Dataset entries
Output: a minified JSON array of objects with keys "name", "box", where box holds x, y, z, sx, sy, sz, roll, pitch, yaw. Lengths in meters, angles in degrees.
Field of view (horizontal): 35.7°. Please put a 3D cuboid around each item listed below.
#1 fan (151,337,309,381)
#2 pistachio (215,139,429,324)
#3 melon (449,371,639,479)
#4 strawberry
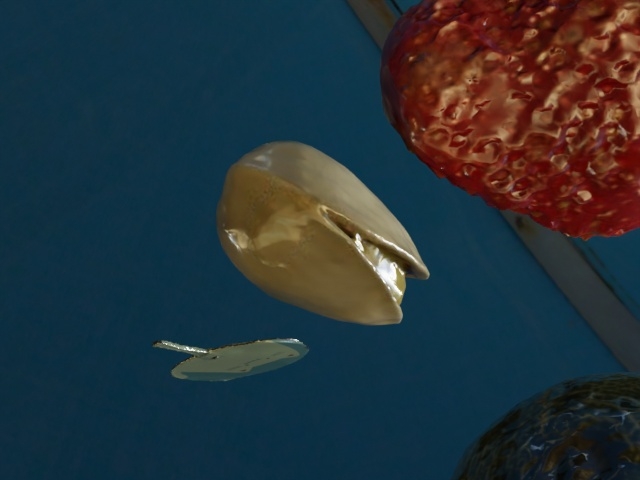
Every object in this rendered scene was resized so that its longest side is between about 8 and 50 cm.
[{"name":"fan","box":[-0.079,0.091,0.782,0.113,0.175,0.005,-20,-110,22]},{"name":"pistachio","box":[0.000,0.000,0.855,0.223,0.152,0.126,38,-103,-39]},{"name":"melon","box":[0.186,0.215,0.549,0.237,0.237,0.301,-29,-57,4]},{"name":"strawberry","box":[0.189,-0.130,0.757,0.258,0.261,0.261,-22,-71,16]}]
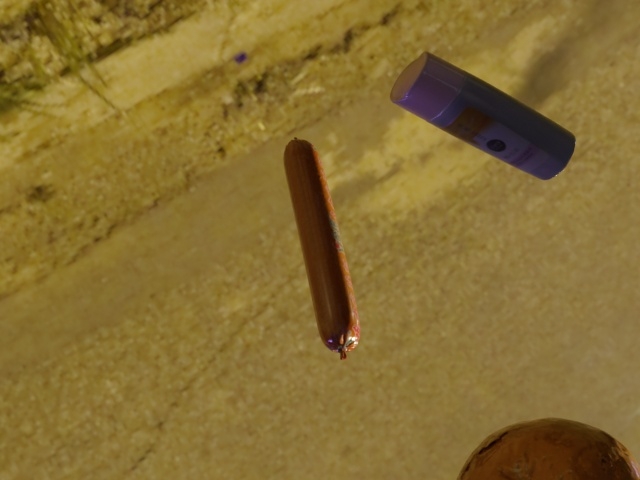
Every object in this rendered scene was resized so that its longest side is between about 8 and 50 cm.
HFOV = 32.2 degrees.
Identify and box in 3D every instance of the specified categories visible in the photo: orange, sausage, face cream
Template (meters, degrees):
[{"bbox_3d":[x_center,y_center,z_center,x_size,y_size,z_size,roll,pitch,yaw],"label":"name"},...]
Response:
[{"bbox_3d":[0.246,0.296,1.166,0.193,0.219,0.219,24,118,-40],"label":"orange"},{"bbox_3d":[0.000,0.000,1.406,0.053,0.348,0.053,-8,145,-6],"label":"sausage"},{"bbox_3d":[0.176,-0.131,1.191,0.198,0.057,0.084,24,152,-15],"label":"face cream"}]
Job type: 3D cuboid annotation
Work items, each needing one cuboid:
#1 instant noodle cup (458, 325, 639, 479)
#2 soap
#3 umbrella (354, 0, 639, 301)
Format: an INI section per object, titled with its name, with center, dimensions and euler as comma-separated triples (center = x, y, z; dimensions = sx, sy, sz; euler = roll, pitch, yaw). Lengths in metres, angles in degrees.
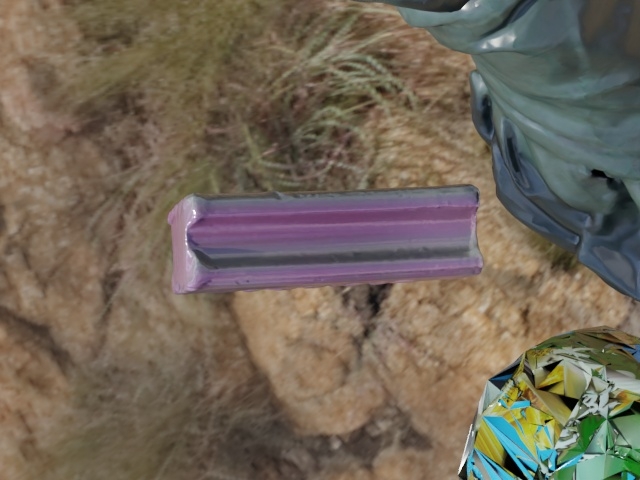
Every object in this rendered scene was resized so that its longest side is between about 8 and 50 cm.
[instant noodle cup]
center = 0.218, 0.171, 0.857
dimensions = 0.178, 0.240, 0.240
euler = 33, 121, 58
[soap]
center = 0.000, 0.000, 0.874
dimensions = 0.203, 0.122, 0.065
euler = -3, 87, -11
[umbrella]
center = 0.088, -0.054, 0.430
dimensions = 0.094, 0.349, 0.143
euler = -29, 49, 27
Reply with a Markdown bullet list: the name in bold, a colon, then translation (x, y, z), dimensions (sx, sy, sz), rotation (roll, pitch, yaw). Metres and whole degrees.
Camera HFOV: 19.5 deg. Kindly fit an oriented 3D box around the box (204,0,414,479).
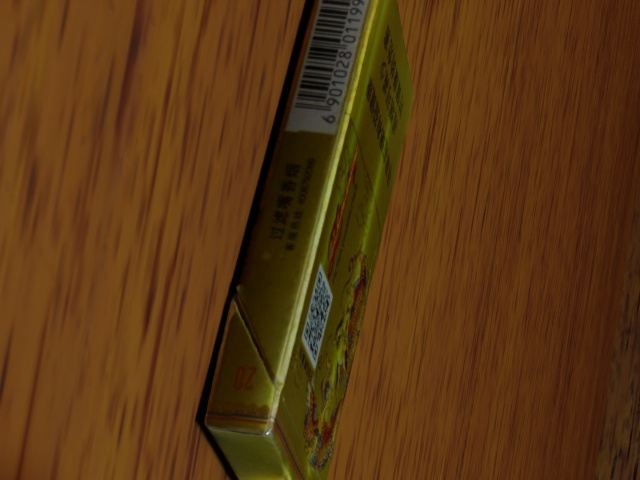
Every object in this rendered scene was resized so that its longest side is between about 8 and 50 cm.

- _Your goal_: Set down, unchanged, only those lines above that fall between the line with "HFOV = 32.2 degrees." and the line with "#3 umbrella (354, 0, 639, 301)", the two end lines included.

- _Exercise answer_:
HFOV = 32.2 degrees.
Identify and box in 3D every instance of the specified categories visible in the photo: orange, sausage, face cream
Template (meters, degrees):
[{"bbox_3d":[x_center,y_center,z_center,x_size,y_size,z_size,roll,pitch,yaw],"label":"name"},...]
Response:
[{"bbox_3d":[0.246,0.296,1.166,0.193,0.219,0.219,24,118,-40],"label":"orange"},{"bbox_3d":[0.000,0.000,1.406,0.053,0.348,0.053,-8,145,-6],"label":"sausage"},{"bbox_3d":[0.176,-0.131,1.191,0.198,0.057,0.084,24,152,-15],"label":"face cream"}]
Job type: 3D cuboid annotation
Work items, each needing one cuboid:
#1 instant noodle cup (458, 325, 639, 479)
#2 soap
#3 umbrella (354, 0, 639, 301)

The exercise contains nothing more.